The pointer points to the Rear node.
EnQueue: Insert newNode after Rear, and make Rear point to the newly inserted node:
//struct node *newNode;
newNode->next = rear->next;
rear->next = newNode;
rear=newNode;
DeQueue: Delete the Front node, and make the second node the front node.
//rear->next points to the front node.
//front->next points to the second node.
struct node* front;
front = rear->next;
rear->next = front->next;
free(front);
Since there has been a lot of confusion in the comments, let me explain the answer using the pointer `p`
Note that the answer remains unchanged – the below code is just written in a different style.

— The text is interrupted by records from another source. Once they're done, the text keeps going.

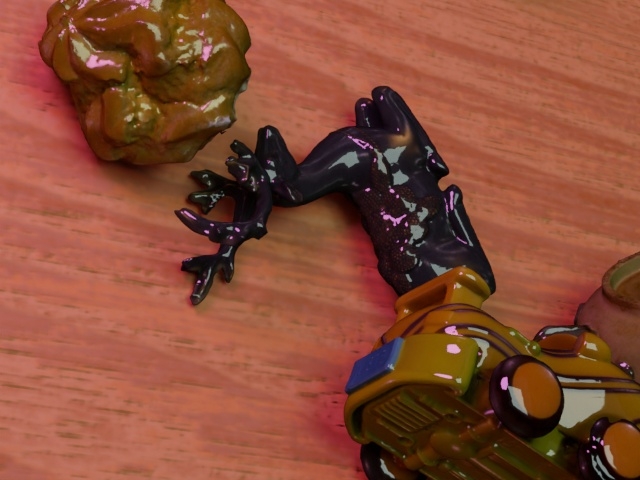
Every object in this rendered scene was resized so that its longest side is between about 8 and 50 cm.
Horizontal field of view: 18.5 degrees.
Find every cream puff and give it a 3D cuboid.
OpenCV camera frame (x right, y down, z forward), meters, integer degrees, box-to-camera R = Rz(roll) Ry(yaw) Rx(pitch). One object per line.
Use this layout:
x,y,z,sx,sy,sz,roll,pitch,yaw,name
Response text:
-0.131,-0.132,1.427,0.156,0.121,0.156,7,74,-26,cream puff

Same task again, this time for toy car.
0.144,0.127,1.447,0.248,0.200,0.142,36,56,-19,toy car

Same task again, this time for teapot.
0.284,0.111,1.580,0.269,0.173,0.182,-16,113,-11,teapot

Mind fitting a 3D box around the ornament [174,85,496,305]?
0.000,0.000,1.486,0.236,0.080,0.202,-18,79,-38,ornament

struct node *p; // a pointer to the rear node
void enqueue(struct node *item) {
item->next = p->next;
p->next = item;
p = item;
}
void dequeue() {
struct node* temp = p->next;
p->next = p->next->next;
free(temp);
}
A single variable $p$ is used to access the Queue
This means that the data-structure only tracks the rear node.

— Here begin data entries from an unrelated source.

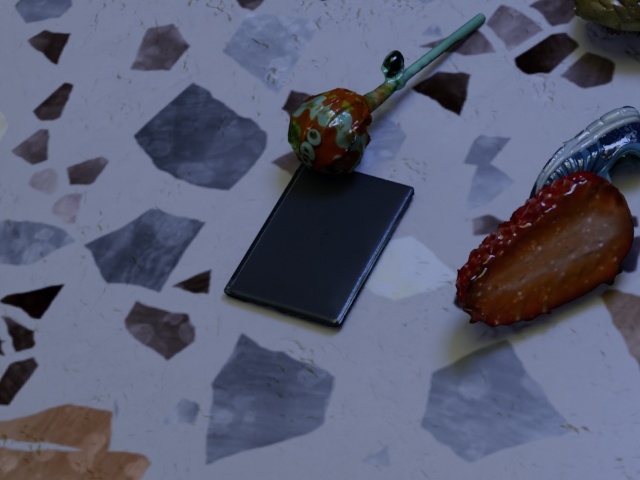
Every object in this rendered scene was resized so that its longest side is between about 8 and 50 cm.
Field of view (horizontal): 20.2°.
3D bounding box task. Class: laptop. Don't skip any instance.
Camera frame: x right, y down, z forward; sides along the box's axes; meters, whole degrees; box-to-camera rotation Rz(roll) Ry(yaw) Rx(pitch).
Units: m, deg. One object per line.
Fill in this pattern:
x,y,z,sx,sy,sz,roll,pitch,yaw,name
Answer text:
0.000,0.000,1.757,0.129,0.016,0.180,17,58,23,laptop

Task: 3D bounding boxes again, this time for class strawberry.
0.198,0.003,1.650,0.188,0.121,0.082,-26,33,-10,strawberry

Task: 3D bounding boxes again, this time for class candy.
0.080,-0.161,1.834,0.084,0.078,0.287,29,52,33,candy

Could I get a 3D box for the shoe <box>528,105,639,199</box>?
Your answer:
0.262,-0.068,1.733,0.143,0.064,0.071,-35,72,-9,shoe

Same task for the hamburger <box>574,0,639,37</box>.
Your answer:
0.351,-0.299,1.839,0.183,0.130,0.206,-6,45,22,hamburger

You can create as many temporary pointers as you want – that has nothing to do with the data-structure’s internals.
In enqueue, there’s an extra pointer struct node *item
because if you wish to enqueue something, you need that thing in the first place.
In dequeue, there’s an extra pointer struct node *temp
because if you don’t keep track of the thing that you’re removing in order to free the memory, you will have a memory leak in your code.